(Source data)
+++

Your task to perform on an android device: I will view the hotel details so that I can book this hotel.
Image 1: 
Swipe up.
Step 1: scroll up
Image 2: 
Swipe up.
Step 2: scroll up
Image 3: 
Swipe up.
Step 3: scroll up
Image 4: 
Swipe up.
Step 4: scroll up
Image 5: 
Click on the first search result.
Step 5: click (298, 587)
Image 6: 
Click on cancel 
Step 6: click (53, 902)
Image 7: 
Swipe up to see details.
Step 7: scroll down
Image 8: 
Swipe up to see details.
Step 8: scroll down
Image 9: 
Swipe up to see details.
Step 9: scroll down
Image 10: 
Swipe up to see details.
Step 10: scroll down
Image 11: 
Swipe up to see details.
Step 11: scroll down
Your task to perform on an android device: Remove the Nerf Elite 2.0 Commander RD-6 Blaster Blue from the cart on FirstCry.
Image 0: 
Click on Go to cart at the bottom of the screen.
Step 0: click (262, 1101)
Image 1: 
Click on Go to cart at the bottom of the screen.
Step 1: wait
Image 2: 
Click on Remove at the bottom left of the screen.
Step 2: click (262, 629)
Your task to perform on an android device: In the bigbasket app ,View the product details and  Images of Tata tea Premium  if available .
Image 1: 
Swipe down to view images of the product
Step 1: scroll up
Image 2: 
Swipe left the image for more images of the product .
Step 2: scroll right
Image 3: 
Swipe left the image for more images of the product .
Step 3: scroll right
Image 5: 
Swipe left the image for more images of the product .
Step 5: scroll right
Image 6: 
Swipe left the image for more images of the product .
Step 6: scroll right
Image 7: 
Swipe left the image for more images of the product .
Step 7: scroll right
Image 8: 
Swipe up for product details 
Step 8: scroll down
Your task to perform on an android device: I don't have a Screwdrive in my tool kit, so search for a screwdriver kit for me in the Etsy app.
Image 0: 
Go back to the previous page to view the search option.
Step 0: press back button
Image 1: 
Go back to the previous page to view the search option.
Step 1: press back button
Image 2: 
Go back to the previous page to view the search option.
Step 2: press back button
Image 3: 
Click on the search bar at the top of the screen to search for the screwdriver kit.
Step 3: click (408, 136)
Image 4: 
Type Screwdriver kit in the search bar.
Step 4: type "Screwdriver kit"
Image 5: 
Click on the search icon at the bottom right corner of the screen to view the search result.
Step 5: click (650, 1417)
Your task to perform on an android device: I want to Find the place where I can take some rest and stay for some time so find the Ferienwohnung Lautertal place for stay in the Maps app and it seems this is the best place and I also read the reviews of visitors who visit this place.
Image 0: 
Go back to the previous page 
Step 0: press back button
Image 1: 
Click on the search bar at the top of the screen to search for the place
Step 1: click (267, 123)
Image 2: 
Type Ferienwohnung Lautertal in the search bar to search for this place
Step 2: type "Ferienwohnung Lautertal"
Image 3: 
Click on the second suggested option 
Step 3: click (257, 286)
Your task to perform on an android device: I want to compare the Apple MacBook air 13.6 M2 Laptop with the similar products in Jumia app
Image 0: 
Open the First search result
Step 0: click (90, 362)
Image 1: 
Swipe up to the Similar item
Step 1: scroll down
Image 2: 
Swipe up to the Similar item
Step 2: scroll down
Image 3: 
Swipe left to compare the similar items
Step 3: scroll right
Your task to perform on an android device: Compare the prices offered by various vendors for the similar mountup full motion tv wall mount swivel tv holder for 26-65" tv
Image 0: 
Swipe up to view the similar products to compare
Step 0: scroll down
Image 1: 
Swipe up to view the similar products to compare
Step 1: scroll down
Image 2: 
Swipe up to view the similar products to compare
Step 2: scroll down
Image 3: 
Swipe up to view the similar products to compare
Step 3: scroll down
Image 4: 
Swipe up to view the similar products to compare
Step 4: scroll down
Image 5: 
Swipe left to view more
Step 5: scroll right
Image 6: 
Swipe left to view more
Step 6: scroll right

+++

• _Aim of the exercise_
Only the lines from the first line of the records through the line containing "Step 4: scroll up" should be repeated, exactly as they appear.

• _Finished exercise_
Your task to perform on an android device: I will view the hotel details so that I can book this hotel.
Image 1: 
Swipe up.
Step 1: scroll up
Image 2: 
Swipe up.
Step 2: scroll up
Image 3: 
Swipe up.
Step 3: scroll up
Image 4: 
Swipe up.
Step 4: scroll up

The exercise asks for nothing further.